Based on this idea, Google released RAISR algorithm in 2016 on the basis of SRCNN, A+, ESPCN and other super-resolution studies. The algorithm features high-speed real-time performance and extremely low computational complexity. The core idea is to obtain A series of filters by training paired high-low resolution image blocks. During the test, an appropriate filter was selected according to the local gradient statistical characteristic index of the input image to complete the super-resolution reconstruction. Therefore, RAISR algorithm consists of two parts, the first part is to train the filter of LR/HR mapping, and the second part is to establish the filter indexing mechanism.

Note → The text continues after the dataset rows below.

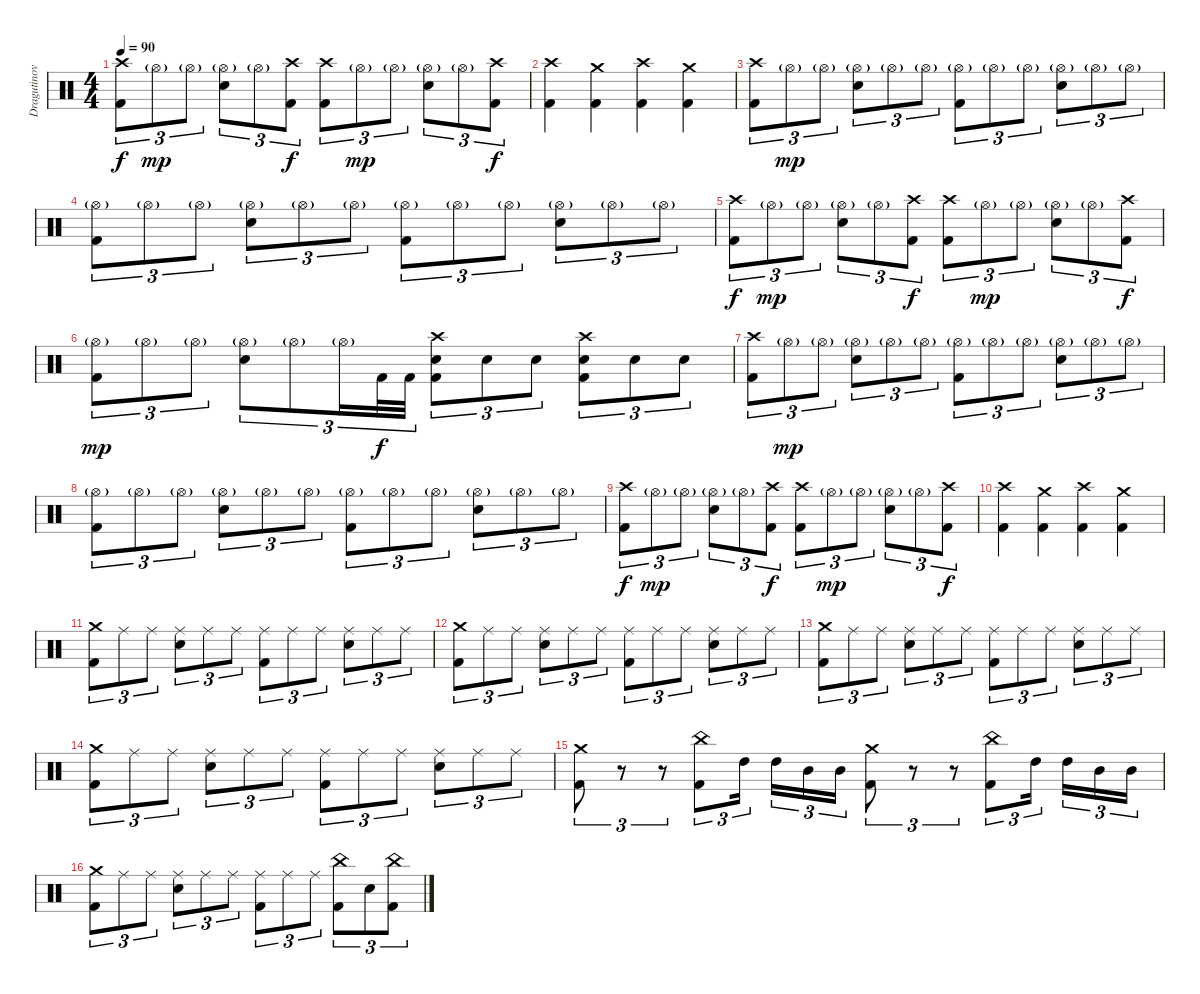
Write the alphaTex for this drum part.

\track ("Dragutinovic" "Dragutinov") {instrument percussion}
\staff {score}
\articulation defaults
\ts (4 4)
\tempo 90
\clef neutral
\ks c
("Crash high (hit)" "Kick (hit) 2").8{tu (3 2) dy f} "Hi-Hat (open)"{g}.8{tu (3 2) dy mp} "Hi-Hat (open)"{g}.8{tu (3 2)} ("Hi-Hat (open)"{g} "Electric Snare (hit)").8{tu (3 2)} "Hi-Hat (open)"{g}.8{tu (3 2)} ("Crash high (hit)" "Kick (hit) 2").8{tu (3 2) dy f} ("Crash high (hit)" "Kick (hit) 2").8{tu (3 2)} "Hi-Hat (open)"{g}.8{tu (3 2) dy mp} "Hi-Hat (open)"{g}.8{tu (3 2)} ("Hi-Hat (open)"{g} "Electric Snare (hit)").8{tu (3 2)} "Hi-Hat (open)"{g}.8{tu (3 2)} ("Crash high (hit)" "Kick (hit) 2").8{tu (3 2) dy f} |
("Crash high (hit)" "Kick (hit) 2").4 ("Crash medium (hit)" "Kick (hit) 2").4 ("Crash high (hit)" "Kick (hit) 2").4 ("Crash medium (hit)" "Kick (hit) 2").4 |
("Crash high (hit)" "Kick (hit) 2").8{tu (3 2)} "Hi-Hat (open)"{g}.8{tu (3 2) dy mp} "Hi-Hat (open)"{g}.8{tu (3 2)} ("Hi-Hat (open)"{g} "Electric Snare (hit)").8{tu (3 2)} "Hi-Hat (open)"{g}.8{tu (3 2)} "Hi-Hat (open)"{g}.8{tu (3 2)} ("Hi-Hat (open)"{g} "Kick (hit) 2").8{tu (3 2)} "Hi-Hat (open)"{g}.8{tu (3 2)} "Hi-Hat (open)"{g}.8{tu (3 2)} ("Hi-Hat (open)"{g} "Electric Snare (hit)").8{tu (3 2)} "Hi-Hat (open)"{g}.8{tu (3 2)} "Hi-Hat (open)"{g}.8{tu (3 2)} |
("Hi-Hat (open)"{g} "Kick (hit) 2").8{tu (3 2)} "Hi-Hat (open)"{g}.8{tu (3 2)} "Hi-Hat (open)"{g}.8{tu (3 2)} ("Hi-Hat (open)"{g} "Electric Snare (hit)").8{tu (3 2)} "Hi-Hat (open)"{g}.8{tu (3 2)} "Hi-Hat (open)"{g}.8{tu (3 2)} ("Hi-Hat (open)"{g} "Kick (hit) 2").8{tu (3 2)} "Hi-Hat (open)"{g}.8{tu (3 2)} "Hi-Hat (open)"{g}.8{tu (3 2)} ("Hi-Hat (open)"{g} "Electric Snare (hit)").8{tu (3 2)} "Hi-Hat (open)"{g}.8{tu (3 2)} "Hi-Hat (open)"{g}.8{tu (3 2)} |
("Crash high (hit)" "Kick (hit) 2").8{tu (3 2) dy f} "Hi-Hat (open)"{g}.8{tu (3 2) dy mp} "Hi-Hat (open)"{g}.8{tu (3 2)} ("Hi-Hat (open)"{g} "Electric Snare (hit)").8{tu (3 2)} "Hi-Hat (open)"{g}.8{tu (3 2)} ("Crash high (hit)" "Kick (hit) 2").8{tu (3 2) dy f} ("Crash high (hit)" "Kick (hit) 2").8{tu (3 2)} "Hi-Hat (open)"{g}.8{tu (3 2) dy mp} "Hi-Hat (open)"{g}.8{tu (3 2)} ("Hi-Hat (open)"{g} "Electric Snare (hit)").8{tu (3 2)} "Hi-Hat (open)"{g}.8{tu (3 2)} ("Crash high (hit)" "Kick (hit) 2").8{tu (3 2) dy f} |
("Hi-Hat (open)"{g} "Kick (hit) 2").8{tu (3 2) dy mp} "Hi-Hat (open)"{g}.8{tu (3 2)} "Hi-Hat (open)"{g}.8{tu (3 2)} ("Hi-Hat (open)"{g} "Electric Snare (hit)").8{tu (3 2)} "Hi-Hat (open)"{g}.8{tu (3 2)} "Hi-Hat (open)"{g}.16{tu (3 2)} "Kick (hit) 2".32{tu (3 2) dy f} "Kick (hit) 2".32{tu (3 2)} ("Crash high (hit)" "Electric Snare (hit)" "Kick (hit) 2").8{tu (3 2)} "Electric Snare (hit)".8{tu (3 2)} "Electric Snare (hit)".8{tu (3 2)} ("Crash high (hit)" "Electric Snare (hit)" "Kick (hit) 2").8{tu (3 2)} "Electric Snare (hit)".8{tu (3 2)} "Electric Snare (hit)".8{tu (3 2)} |
("Crash high (hit)" "Kick (hit) 2").8{tu (3 2)} "Hi-Hat (open)"{g}.8{tu (3 2) dy mp} "Hi-Hat (open)"{g}.8{tu (3 2)} ("Hi-Hat (open)"{g} "Electric Snare (hit)").8{tu (3 2)} "Hi-Hat (open)"{g}.8{tu (3 2)} "Hi-Hat (open)"{g}.8{tu (3 2)} ("Hi-Hat (open)"{g} "Kick (hit) 2").8{tu (3 2)} "Hi-Hat (open)"{g}.8{tu (3 2)} "Hi-Hat (open)"{g}.8{tu (3 2)} ("Hi-Hat (open)"{g} "Electric Snare (hit)").8{tu (3 2)} "Hi-Hat (open)"{g}.8{tu (3 2)} "Hi-Hat (open)"{g}.8{tu (3 2)} |
("Hi-Hat (open)"{g} "Kick (hit) 2").8{tu (3 2)} "Hi-Hat (open)"{g}.8{tu (3 2)} "Hi-Hat (open)"{g}.8{tu (3 2)} ("Hi-Hat (open)"{g} "Electric Snare (hit)").8{tu (3 2)} "Hi-Hat (open)"{g}.8{tu (3 2)} "Hi-Hat (open)"{g}.8{tu (3 2)} ("Hi-Hat (open)"{g} "Kick (hit) 2").8{tu (3 2)} "Hi-Hat (open)"{g}.8{tu (3 2)} "Hi-Hat (open)"{g}.8{tu (3 2)} ("Hi-Hat (open)"{g} "Electric Snare (hit)").8{tu (3 2)} "Hi-Hat (open)"{g}.8{tu (3 2)} "Hi-Hat (open)"{g}.8{tu (3 2)} |
("Crash high (hit)" "Kick (hit) 2").8{tu (3 2) dy f} "Hi-Hat (open)"{g}.8{tu (3 2) dy mp} "Hi-Hat (open)"{g}.8{tu (3 2)} ("Hi-Hat (open)"{g} "Electric Snare (hit)").8{tu (3 2)} "Hi-Hat (open)"{g}.8{tu (3 2)} ("Crash high (hit)" "Kick (hit) 2").8{tu (3 2) dy f} ("Crash high (hit)" "Kick (hit) 2").8{tu (3 2)} "Hi-Hat (open)"{g}.8{tu (3 2) dy mp} "Hi-Hat (open)"{g}.8{tu (3 2)} ("Hi-Hat (open)"{g} "Electric Snare (hit)").8{tu (3 2)} "Hi-Hat (open)"{g}.8{tu (3 2)} ("Crash high (hit)" "Kick (hit) 2").8{tu (3 2) dy f} |
("Crash high (hit)" "Kick (hit) 2").4 ("Crash medium (hit)" "Kick (hit) 2").4 ("Crash high (hit)" "Kick (hit) 2").4 ("Crash medium (hit)" "Kick (hit) 2").4 |
("Crash medium (hit)" "Kick (hit) 2").8{tu (3 2)} "Ride (middle)".8{tu (3 2)} "Ride (middle)".8{tu (3 2)} ("Ride (middle)" "Electric Snare (hit)").8{tu (3 2)} "Ride (middle)".8{tu (3 2)} "Ride (middle)".8{tu (3 2)} ("Ride (middle)" "Kick (hit) 2").8{tu (3 2)} "Ride (middle)".8{tu (3 2)} "Ride (middle)".8{tu (3 2)} ("Ride (middle)" "Electric Snare (hit)").8{tu (3 2)} "Ride (middle)".8{tu (3 2)} "Ride (middle)".8{tu (3 2)} |
("Crash medium (hit)" "Kick (hit) 2").8{tu (3 2)} "Ride (middle)".8{tu (3 2)} "Ride (middle)".8{tu (3 2)} ("Ride (middle)" "Electric Snare (hit)").8{tu (3 2)} "Ride (middle)".8{tu (3 2)} "Ride (middle)".8{tu (3 2)} ("Ride (middle)" "Kick (hit) 2").8{tu (3 2)} "Ride (middle)".8{tu (3 2)} "Ride (middle)".8{tu (3 2)} ("Ride (middle)" "Electric Snare (hit)").8{tu (3 2)} "Ride (middle)".8{tu (3 2)} "Ride (middle)".8{tu (3 2)} |
("Crash medium (hit)" "Kick (hit) 2").8{tu (3 2)} "Ride (middle)".8{tu (3 2)} "Ride (middle)".8{tu (3 2)} ("Ride (middle)" "Electric Snare (hit)").8{tu (3 2)} "Ride (middle)".8{tu (3 2)} "Ride (middle)".8{tu (3 2)} ("Ride (middle)" "Kick (hit) 2").8{tu (3 2)} "Ride (middle)".8{tu (3 2)} "Ride (middle)".8{tu (3 2)} ("Ride (middle)" "Electric Snare (hit)").8{tu (3 2)} "Ride (middle)".8{tu (3 2)} "Ride (middle)".8{tu (3 2)} |
("Crash medium (hit)" "Kick (hit) 2").8{tu (3 2)} "Ride (middle)".8{tu (3 2)} "Ride (middle)".8{tu (3 2)} ("Ride (middle)" "Electric Snare (hit)").8{tu (3 2)} "Ride (middle)".8{tu (3 2)} "Ride (middle)".8{tu (3 2)} ("Ride (middle)" "Kick (hit) 2").8{tu (3 2)} "Ride (middle)".8{tu (3 2)} "Ride (middle)".8{tu (3 2)} ("Ride (middle)" "Electric Snare (hit)").8{tu (3 2)} "Ride (middle)".8{tu (3 2)} "Ride (middle)".8{tu (3 2)} |
("Crash medium (hit)" "Kick (hit) 2").8{tu (3 2)} r.8{tu (3 2)} r.8{tu (3 2)} ("China (hit)" "Kick (hit) 2").8{tu (3 2)} "High Tom (hit)".16{tu (3 2)} "High Tom (hit)".16{tu (3 2)} "Mid Tom (hit)".16{tu (3 2)} "Mid Tom (hit)".16{tu (3 2)} ("Crash medium (hit)" "Kick (hit) 2").8{tu (3 2)} r.8{tu (3 2)} r.8{tu (3 2)} ("China (hit)" "Kick (hit) 2").8{tu (3 2)} "High Tom (hit)".16{tu (3 2)} "High Tom (hit)".16{tu (3 2)} "Mid Tom (hit)".16{tu (3 2)} "Mid Tom (hit)".16{tu (3 2)} |
("Crash medium (hit)" "Kick (hit) 2").8{tu (3 2)} "Ride (middle)".8{tu (3 2)} "Ride (middle)".8{tu (3 2)} ("Ride (middle)" "Electric Snare (hit)").8{tu (3 2)} "Ride (middle)".8{tu (3 2)} "Ride (middle)".8{tu (3 2)} ("Ride (middle)" "Kick (hit) 2").8{tu (3 2)} "Ride (middle)".8{tu (3 2)} "Ride (middle)".8{tu (3 2)} ("China (hit)" "Kick (hit) 2").8{tu (3 2)} "Electric Snare (hit)".8{tu (3 2)} ("China (hit)" "Kick (hit) 2").8{tu (3 2)}

FIG. 8 RAISR 2x upsampling filter [4]



FIG. 9 Comparison of technical indexes of RAISR with SRCNN, A+ and other super-resolution algorithms at the sampling rate of 2X

The left figure is pSNR-Runtime indicator, and the right figure is SSM-Runtime indicator [4]

conclusion



Super-resolution reconstruction has broad application prospects in medical image processing and compressed image enhancement, and has been a hot research field of deep learning in recent years. Improvement of convolution and residual components, further analysis of different types of perceptual loss, and exploration of adversity-generated networks for super-resolution reconstruction are all worthy of attention.


reference



[1] Dong, Chao, et al. “Image Super-Resolution Using Deep Convolutional Networks.” IEEE Transactions on Pattern Analysis & Machine Intelligence 38.2 (2016) : 295-307.

[2] Shi, Wenzhe, et al. “Real-Time Single Image and Video Super-Resolution Using an Efficient Sub-Pixel Convolutional Neural Network.” (2016) : 1874-1883.

[3] Johnson, Justin, A. Alahi, and F. F. Li. “Perceptual Losses for Real-Time Style Transfer and Super-Resolution.” (2016):694-711.

[4] Romano, Yaniv, J. Isidoro, and P. Milanfar. “RAISR: Rapid and Accurate Image Super Resolution.” IEEE Transactions on Computational Imaging 3.1(2016):110-125.

[5] Conkey, Donald B., et al. “Super-resolution photoacoustic imaging through a scattering wall.” Nature Communications 6(2015):7902.